### PROBLEM TO SOLVE
Locate the lines of the listing below that hold "need", then copy each of them.

### INFORMATION

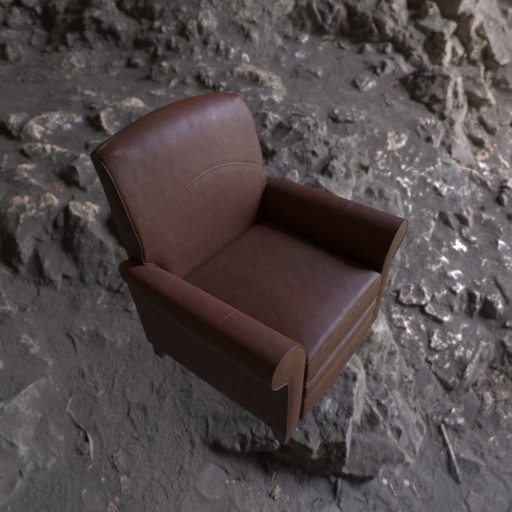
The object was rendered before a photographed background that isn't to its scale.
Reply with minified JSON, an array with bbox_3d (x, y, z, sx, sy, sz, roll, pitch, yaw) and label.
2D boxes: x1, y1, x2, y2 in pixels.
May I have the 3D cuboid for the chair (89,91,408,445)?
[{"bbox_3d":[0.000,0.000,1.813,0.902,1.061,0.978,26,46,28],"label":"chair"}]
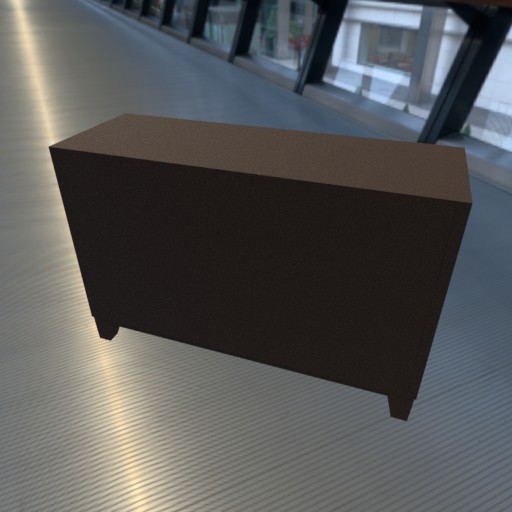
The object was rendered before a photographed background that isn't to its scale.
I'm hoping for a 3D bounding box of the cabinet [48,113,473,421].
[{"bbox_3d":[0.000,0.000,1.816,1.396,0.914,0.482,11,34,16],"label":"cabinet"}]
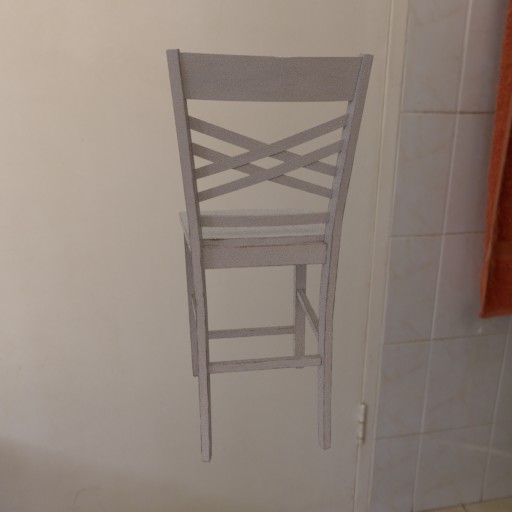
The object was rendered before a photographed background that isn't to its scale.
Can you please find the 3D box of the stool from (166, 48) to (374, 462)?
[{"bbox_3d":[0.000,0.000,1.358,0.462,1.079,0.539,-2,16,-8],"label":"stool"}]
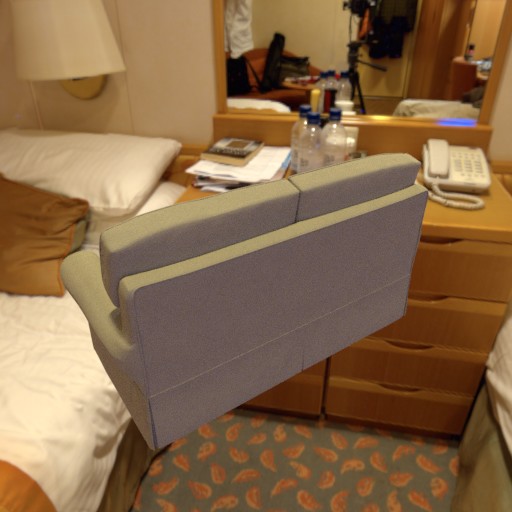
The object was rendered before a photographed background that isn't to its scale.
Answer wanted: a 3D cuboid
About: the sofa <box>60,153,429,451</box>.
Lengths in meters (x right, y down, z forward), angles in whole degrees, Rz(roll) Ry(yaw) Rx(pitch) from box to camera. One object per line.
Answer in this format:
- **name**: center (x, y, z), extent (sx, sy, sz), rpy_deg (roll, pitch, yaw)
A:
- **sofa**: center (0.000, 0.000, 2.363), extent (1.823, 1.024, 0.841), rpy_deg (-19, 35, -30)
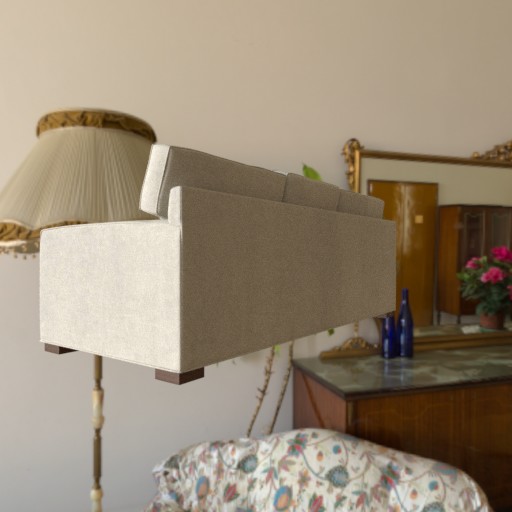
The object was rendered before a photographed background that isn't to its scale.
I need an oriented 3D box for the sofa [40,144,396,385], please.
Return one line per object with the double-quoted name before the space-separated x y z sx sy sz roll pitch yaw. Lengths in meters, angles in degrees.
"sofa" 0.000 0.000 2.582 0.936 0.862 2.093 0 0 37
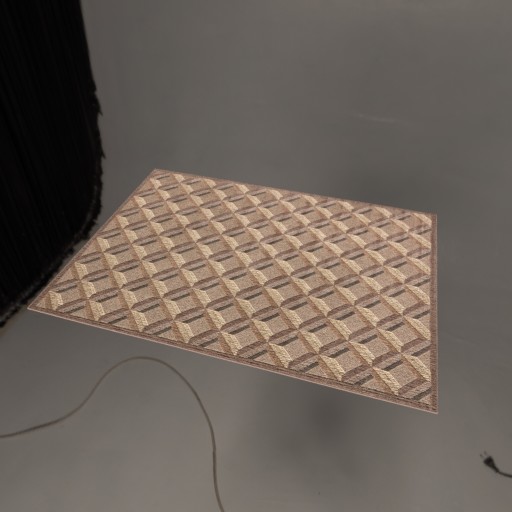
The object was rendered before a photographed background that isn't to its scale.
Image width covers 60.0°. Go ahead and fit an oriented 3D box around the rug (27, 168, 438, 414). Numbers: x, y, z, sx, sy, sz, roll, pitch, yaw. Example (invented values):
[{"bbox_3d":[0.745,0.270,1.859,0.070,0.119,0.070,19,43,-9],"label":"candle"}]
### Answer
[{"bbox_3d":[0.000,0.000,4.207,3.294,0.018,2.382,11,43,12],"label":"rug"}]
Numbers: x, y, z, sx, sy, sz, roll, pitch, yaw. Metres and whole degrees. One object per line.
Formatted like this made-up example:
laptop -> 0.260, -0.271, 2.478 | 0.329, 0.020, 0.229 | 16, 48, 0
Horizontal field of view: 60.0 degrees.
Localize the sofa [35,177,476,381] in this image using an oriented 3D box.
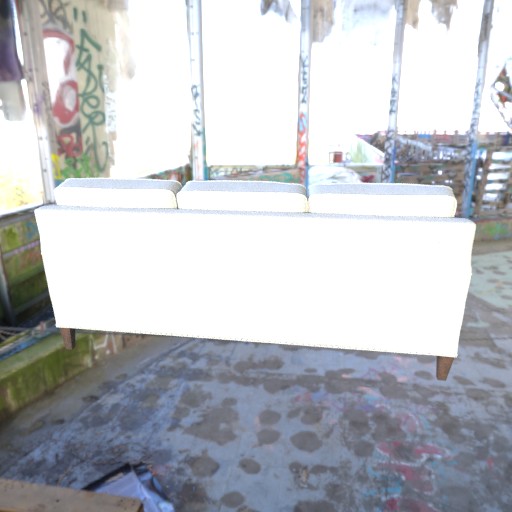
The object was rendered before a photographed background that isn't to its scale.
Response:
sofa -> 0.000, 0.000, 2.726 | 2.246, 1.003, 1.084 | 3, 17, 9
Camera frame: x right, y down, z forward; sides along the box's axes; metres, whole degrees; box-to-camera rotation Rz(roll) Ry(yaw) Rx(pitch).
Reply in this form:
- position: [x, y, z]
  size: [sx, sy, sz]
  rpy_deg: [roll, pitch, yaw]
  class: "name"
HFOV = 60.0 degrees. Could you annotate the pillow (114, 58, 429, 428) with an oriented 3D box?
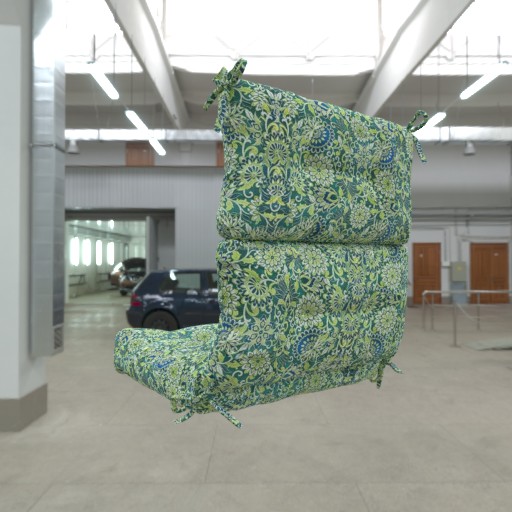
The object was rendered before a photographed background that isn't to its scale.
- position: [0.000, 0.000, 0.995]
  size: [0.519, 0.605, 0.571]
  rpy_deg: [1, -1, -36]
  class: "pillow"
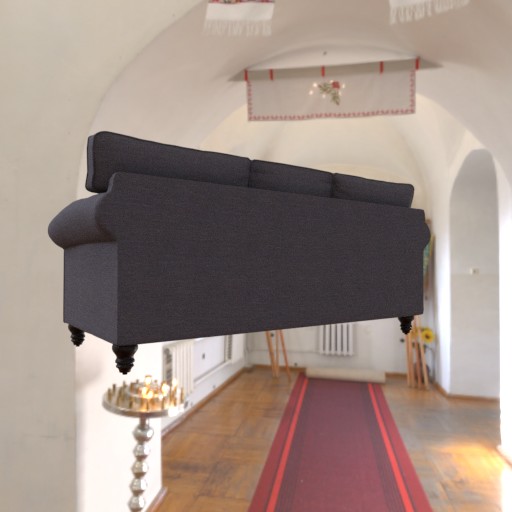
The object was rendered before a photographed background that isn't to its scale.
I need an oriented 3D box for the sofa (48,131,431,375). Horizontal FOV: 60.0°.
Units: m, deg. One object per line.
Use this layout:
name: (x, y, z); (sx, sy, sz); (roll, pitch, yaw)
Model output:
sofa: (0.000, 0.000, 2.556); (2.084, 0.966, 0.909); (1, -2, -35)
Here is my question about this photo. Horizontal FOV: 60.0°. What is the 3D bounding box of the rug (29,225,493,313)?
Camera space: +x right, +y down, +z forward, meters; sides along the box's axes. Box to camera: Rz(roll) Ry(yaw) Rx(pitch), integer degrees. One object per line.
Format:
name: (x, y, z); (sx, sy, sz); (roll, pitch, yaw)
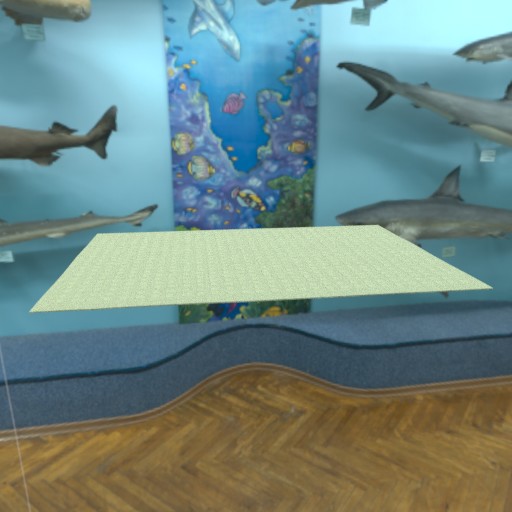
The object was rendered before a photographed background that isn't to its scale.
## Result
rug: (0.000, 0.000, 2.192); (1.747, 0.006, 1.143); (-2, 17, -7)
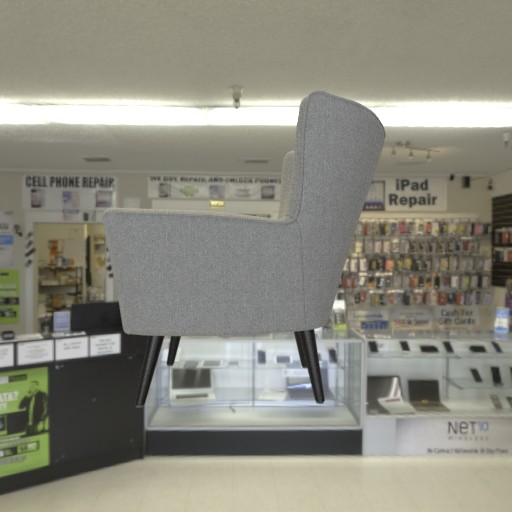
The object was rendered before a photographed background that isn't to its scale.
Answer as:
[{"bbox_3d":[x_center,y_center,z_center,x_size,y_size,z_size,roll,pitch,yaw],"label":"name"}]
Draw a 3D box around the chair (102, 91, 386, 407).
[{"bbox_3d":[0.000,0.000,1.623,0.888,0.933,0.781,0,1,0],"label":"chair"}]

### EXERCISE RESPONSE
I need an oriented 3D box for the sofa [40,144,396,385], please.
I need an oriented 3D box for the sofa (48,131,431,375). Horizontal FOV: 60.0°.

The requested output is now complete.